The simplest and most obvious approach to computing P(X > Y) is to generate random samples from X and Y and count how often the sample from X is bigger than the sample from Y. However, this approach is only accurate on average. In any particular sample, the error may be large. Even if you are willing to tolerate, for example, a 5% chance of being outside your error tolerance, the required number of random draws may be large. The more accuracy you need, the worse it gets since your accuracy only improves as n^−1/2 where n is the number of samples. For numerical integration methods, the error decreases as a much larger negative power of n depending on the method. In the timing study near the end of this technical report, numerical integration was 2,875 times faster than simulation for determining beta inequality probabilities to just two decimal places. For greater desired accuracy, the advantage of numerical integration would increase.

Why is efficiency important? For some applications it may not be, but often these random inequalities are evaluated in the inner loop of a simulation. A simulation study that takes hours to run may be spending most of its time evaluating random inequalities.

As derived in the previous post, the integral to evaluate is given by

$\begin{eqnarray*} P(X \geq Y) &=& \int \!\int _{[x > y]} f_X(x) f_Y(y) \, dy \, dx \\ &=& \int_{-\infty}^\infty \! \int_{-\infty}^x f_X(x) f_Y(y) \, dy \, dx \\ &=& \int_{-\infty}^\infty f_X(x) F_Y(x) \, dx end{eqnarray*}$

The technical report Numerical computation of stochastic inequality probabilities gives some general considerations for numerically evaluating random inequalities, but each specific distribution family must be considered individually since each may present unique numerical challenges. The report gives some specific techniques for beta and Weibull distributions. The report Numerical evaluation of gamma inequalities gives some techniques for gamma distributions.

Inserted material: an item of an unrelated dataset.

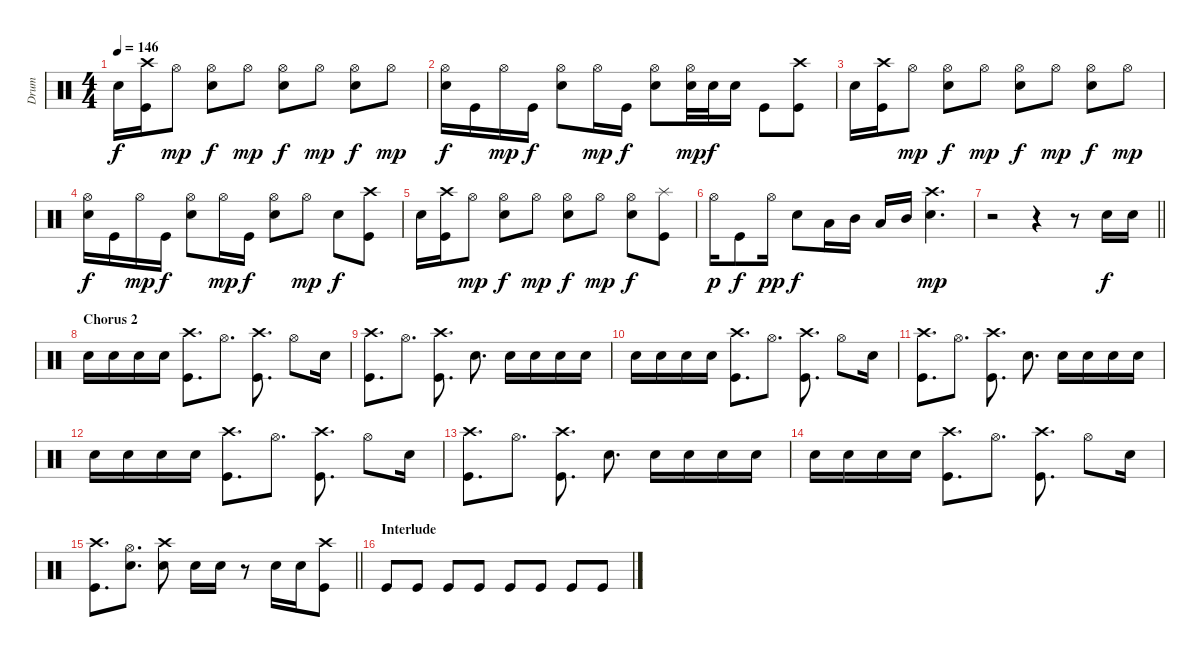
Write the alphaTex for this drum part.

Numerical integration can be complicated by singularities in integrand for extreme values of distribution parameters. For example, if X ~ beta(a, b) the integral for computing P(X > Y) has a singularity if either a or b are less than 1. For general advice on numerically integrating singular integrands, see “The care and treatment of singularities” in Numerical Methods that Work by Forman S. Acton.

Once you come up with a clever numerical algorithm for evaluating a random inequality, you need to have a way to test the results.

One way to test numerical algorithms for random inequalities is to compare simulation results to integration results. This will find blatant errors, but it may not be as effective in uncovering accuracy problems. It helps to use random parameters for testing.

Another way to test numerical algorithms in this context is to compute both P(X > Y) and P(Y > X). For continuous random variables, these two values should add to 1. Of course such a condition is not sufficient to guarantee accuracy, but it is a simple and effective test. The Inequality Calculator software reports both P(X > Y) and P(Y > X) partly for the convenience of the user but also as a form of quality control: if the two probabilities do not add up to approximately 1, you know something has gone wrong. Along these lines, it’s useful to verify that P(X > Y) = 1/2 if X and Y are identically distributed.

Finally, integrands may have closed-form solutions for special parameters. For example, Exact calculation of beta inequalities gives closed-form results for many special cases of the parameters. As long as the algorithm being tested does not depend on these special values, these special values provide valuable test cases.